Investigative Tree Models by Rodney Caudle ties in to my other fascination: how to use symbolic models to improve real-world situations. No, I am not talking about glossy fashion magazine models, but things like decision trees, graphs, etc. Caudle describes how to use attack trees to aid incident investigations. He takes the reader through the formal definitions of these models and clearly explains them by providing well-documented examples. The second part of the paper describes a full case study on how to use a tree model to obtain proof in an investigation into email abuse. The paper wraps up with a brief conclusion and a look forward at some possible future trends. The paper is available here.

More information about GIAC Gold certification can be found on the GIAC website.

The Apache foundation experienced some downtime on August 28 when unauthorized access to their servers was detected.
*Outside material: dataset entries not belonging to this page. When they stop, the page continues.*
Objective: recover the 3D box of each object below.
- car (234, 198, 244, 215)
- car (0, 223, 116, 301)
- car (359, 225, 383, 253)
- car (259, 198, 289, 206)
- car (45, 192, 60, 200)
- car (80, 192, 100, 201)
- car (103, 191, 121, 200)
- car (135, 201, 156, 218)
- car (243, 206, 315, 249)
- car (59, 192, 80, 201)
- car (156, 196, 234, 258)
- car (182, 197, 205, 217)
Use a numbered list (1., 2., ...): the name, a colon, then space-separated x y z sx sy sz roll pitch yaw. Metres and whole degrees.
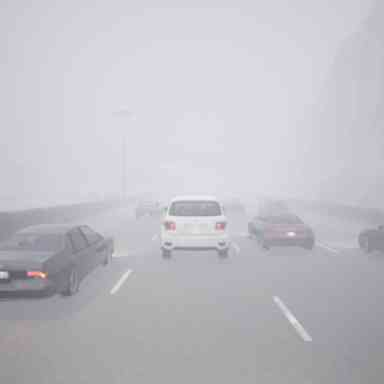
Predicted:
1. car: 3.596 1.272 30.030 1.812 1.442 4.674 0 1 0
2. car: -3.402 1.510 8.438 2.033 1.411 5.357 0 0 0
3. car: 7.097 1.473 10.398 1.812 1.442 4.674 0 0 0
4. car: 7.096 1.262 29.160 1.837 1.490 4.892 0 1 0
5. car: -24.535 0.682 59.300 2.128 1.511 4.902 0 1 1
6. car: -17.543 0.712 58.381 1.837 1.490 4.892 0 2 1
7. car: -14.046 0.557 58.512 2.097 1.767 4.553 0 1 0
8. car: -3.403 1.384 27.333 1.895 1.301 4.718 0 1 0
9. car: 3.598 1.485 14.066 1.994 1.385 4.181 0 0 0
10. car: -21.033 0.774 58.313 1.994 1.385 4.181 0 1 1
11. car: 0.099 1.154 12.574 2.150 2.045 5.566 0 0 0
12. car: 0.095 1.263 29.170 1.837 1.490 4.892 0 1 0
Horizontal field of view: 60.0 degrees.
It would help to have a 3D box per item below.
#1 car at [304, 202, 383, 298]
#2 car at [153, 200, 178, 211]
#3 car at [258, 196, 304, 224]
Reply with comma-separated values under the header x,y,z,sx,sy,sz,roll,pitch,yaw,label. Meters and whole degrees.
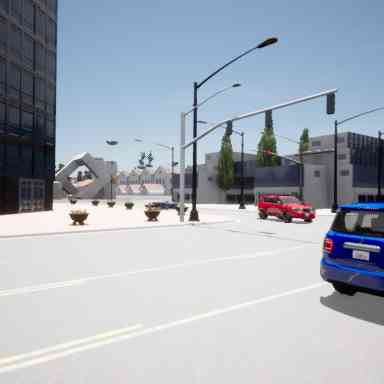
x,y,z,sx,sy,sz,roll,pitch,yaw,label
5.232,1.240,7.526,5.566,2.045,2.150,0,0,-35,car
-3.307,1.695,43.398,1.895,1.301,4.718,1,-1,-35,car
7.392,1.323,26.520,2.150,2.045,5.566,1,-1,-20,car
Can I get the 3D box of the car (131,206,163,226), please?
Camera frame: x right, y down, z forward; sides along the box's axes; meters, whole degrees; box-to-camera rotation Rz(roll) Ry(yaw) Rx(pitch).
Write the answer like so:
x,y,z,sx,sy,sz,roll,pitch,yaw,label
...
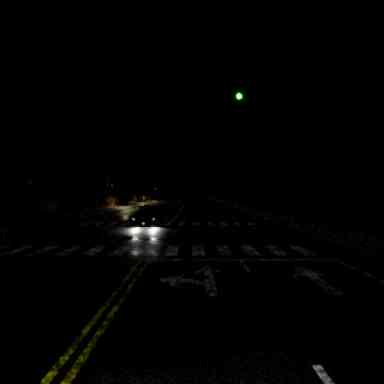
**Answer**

A few days ago, the Apache infrastructure team posted a very well-written post-incident report in which more details with respect to the attack are published, and an overview of the lessons that were learned from it are shared.

The report is very well written and worth reading. Some key findings:

  • "The use of SSH keys facilitated this attack." Yes, SSH is more secure than telnet (or rlogin), but it must still be hardened.
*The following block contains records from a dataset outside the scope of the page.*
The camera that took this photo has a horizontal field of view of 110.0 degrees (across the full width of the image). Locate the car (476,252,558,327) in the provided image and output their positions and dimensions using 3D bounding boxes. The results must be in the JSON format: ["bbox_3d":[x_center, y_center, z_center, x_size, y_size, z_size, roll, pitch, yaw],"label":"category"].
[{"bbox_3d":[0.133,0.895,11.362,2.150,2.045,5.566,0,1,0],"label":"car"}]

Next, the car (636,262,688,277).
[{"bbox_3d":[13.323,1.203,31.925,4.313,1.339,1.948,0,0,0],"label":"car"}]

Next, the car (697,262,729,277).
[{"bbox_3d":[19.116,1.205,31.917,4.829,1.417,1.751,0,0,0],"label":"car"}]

  • "The ability to run CGI scripts in any virtual host, when most of our websites do not need this functionality, made us unnecessarily vulnerable to an attack of this nature." Very few people are not also guilty on this one. Trim down a system's configuration to only provide the minimal amount of functionality it needs to do the job.

  • "We will re-implement measures such as IP banning after several failed logins, on all machines." Brute force attacks are still one of the most successful attack vectors. Automatic account lockout and restricting the network space from which incoming connections are allowed in the first place seriously reduce the attack surface.

  • "Because they obtained root on the CentOS machine, we are not entirely sure, almost all logs on the machine were destroyed. The machine ran many stock web applications and may of had less than secure password practices -- but once they got root whatever evidence of the initial hack was destroyed." Keep critical logs on a dedicated, hardened server to facilitate post-incident analysis.